Saturday, July 08, 2006

Search Engine - First Steps
With the web developer community already looking into next generation online solutions, it becomes imperative that user experience is seemless and tools are provided for the user which ensures optimum value with respect to time spent online. Search engines within applications have thus become integral part of every system. Today, i'll be discussing about the important factors to be kept in mind while developing a search engine for your database. Most of this i have learnt while working with my current organization. There are also stuff which i do not agree with, which i think will only result in loss of user base in the long run.
Here are some points which i think (and ofcourse experienced) will help you start.
Identify the user base - This is important so that you can provide further guidance to the user from the search results page, basis the search conducted. The search engine should be like a restaurant waiter :-) It should ask you everything about your taste (read requirements) and then offer you exactly what you had asked for. If the food (read results) does not taste good, you are unlikely to come back.
You should also provide guidance and suggestions so that the user gets to see the best result within no time. This set of facility can be divided into two.
A. When no or less number of results are returned -
  1. Users should be guided to broaden the search if their search criteria is too specific by using clouds.
  2. You can also show related results by doing "content mapping" in the background.
  3. Check for spellings and suggest correct words.
  4. Other concepts like "stemming" can be incorporated in the algo to show more results as per the requirement.
  5. Suggestions - Show suggestions basis your domain intelligence. This should be purely basis the historical data/logs of search you have.
B. When too many results are returned -
  1. Clustering - Categorize or classify the result set. This will help users to dig into more relevant results as per their requirement.
  2. Predefined Categories - Show a list of predefined categories.
  3. Search within search - Allow users to conduct search within search, so that they can drill into more relevant and specific results.
  4. Response time - Fast response to a search is more of a necessity these days. User should not be left waiting for the results. Important sections of the search results should load within 1-2 seconds is my recommendation. Care should be taken that by providing the above listed facilities, the response time is not affected. Search engine should be divided into various segments, and the best technology should be used for each one of these. A s/w developer may want to use different languages for different segments of the engine considering the processing time, easy of change etc.
Other factors important for a search engine are,
Page layout - The UI team should ensure that the page layout is such that the organic results should not be contaminated with advts and other paid results. Premium listings, advertisements etc should be separately shown. Also the construction should be such that the download of page is controlled basis importance of each section on the page.
All actionables on the page should be prominent. It should be analysed if these actions can be allowed on the same result page through DHTML, CSS etc.
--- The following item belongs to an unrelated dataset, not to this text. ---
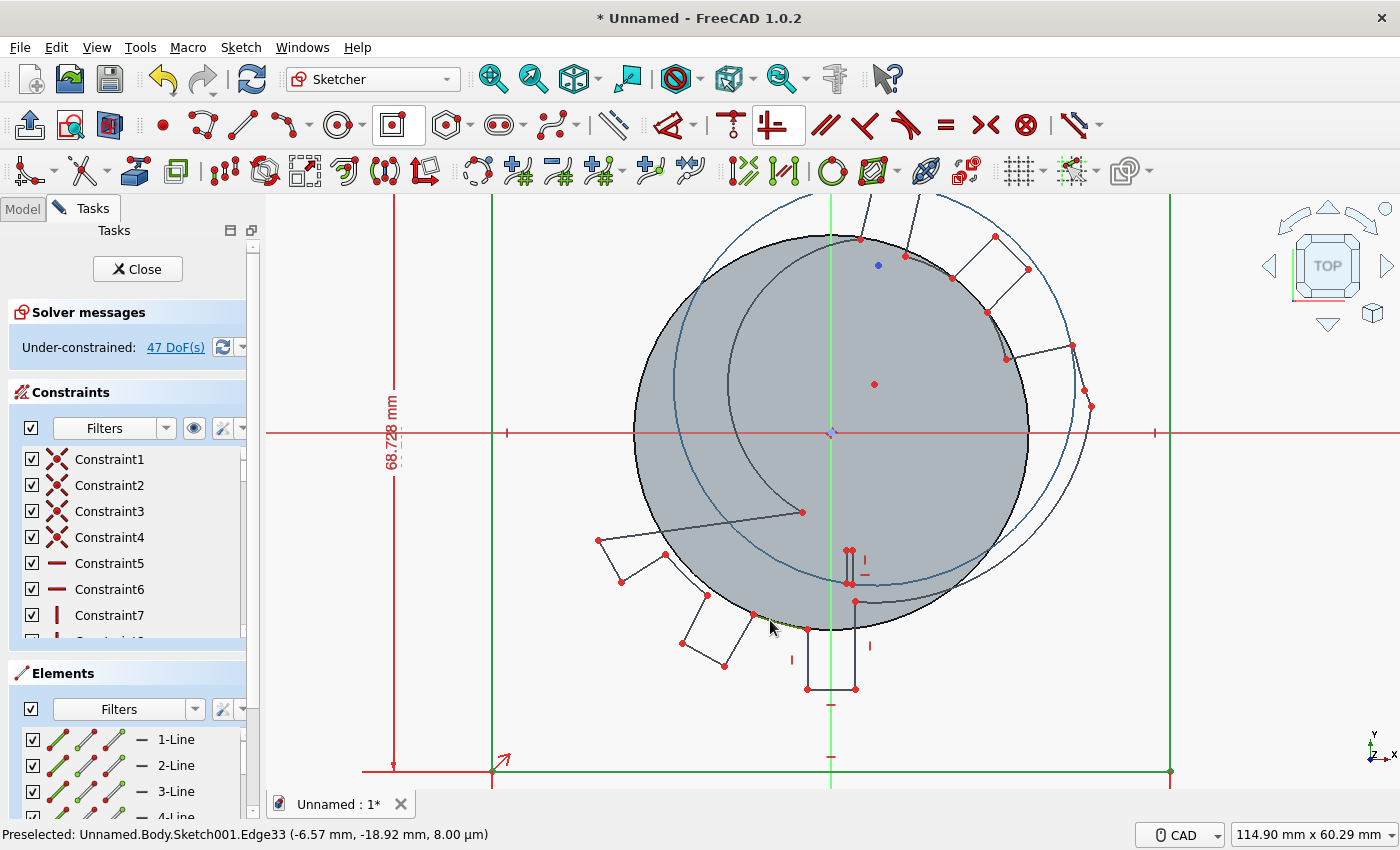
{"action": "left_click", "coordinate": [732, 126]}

AJAX can be of great help here.
Navigation - Research has found that most of the users do not go beyond page 1-2. Therefore it is imperative that these pages should show the most relevant/fresh results as per the requirement. Also, prefetching of pages will result faster navigation across pages.
Domain Intelligence - Search engine developers and product managers should continuously monitor search logs and derive important information on user behaviour out of them. Most of the features related to search can be developed by studying the search dump. I would recommend that product managers should not get influenced by popular features on other search applications. They should rather study their own users' behaviour through search dumps and then conceptualize new features, sections etc.
S/w developers should be able to fine tune their algo by looking at search dumps and search performance logs.
Logging - Enhancements/ tuning of search engines is continuous. Therefore it becomes all the more important that all aspects of the search should be logged so that post enhancement analysis can be conducted and corresponding actions can be taken.
Research - Its an important part of any search engine development. Developers should be aware of latest technologies and findings. Right now web 2.0 is hot. It should be analysed with respect to your user base and the best suited technology/concept should be adopted. Choice of database and language should be carefully done.
Besides the above listed points there are other concepts like tagging, mashups etc which may contribute to your search peripherals. Now mark my words here when i say "peripherals". A search results page should not get contaminated with overwhelming hi-tech concepts. It should be simple and seemless.
I keep surfing net for niche search related technologies/concepts. Couple of websites which i frequently visit for search related news are searchenginewatch.com and battellemedia.com. The later one is John Battle's blog. His book "The Search" is worth a read. He keeps a close watch on developments in search engines, especially google. I also keep visiting jeremy's blog as it has some interesting stuff on MySQL.

Sunday, July 02, 2006

Search Engine - Supervised Rankings

Was going through various online journals on search engines when i stumbled upon this document published by mondosoft. Its interesting as they have argued the importance of human intervention in search engines. I wish i could attach the entire pdf here, but you may be able to download it from here
This document mainly covers points about gathering user behaviour data, interpreting and analyzing log data, providing informative results etc. Its worth a read. I am trying to get more whitepapers from them.
We have also concluded on similar findings. Our bottleneck lies in implementation. Don't even think that we are technically incapable. Its just that sometimes too much discussions amongst bright people results in a very stringent priority list. The best approach could be to have a clear plan for 6 months and work towards it. Its however easily said than done. For us, market feedback and faster turnaround time in crucial. We are always on our toes.
I am planning to write a small journal on search engine implementation soon....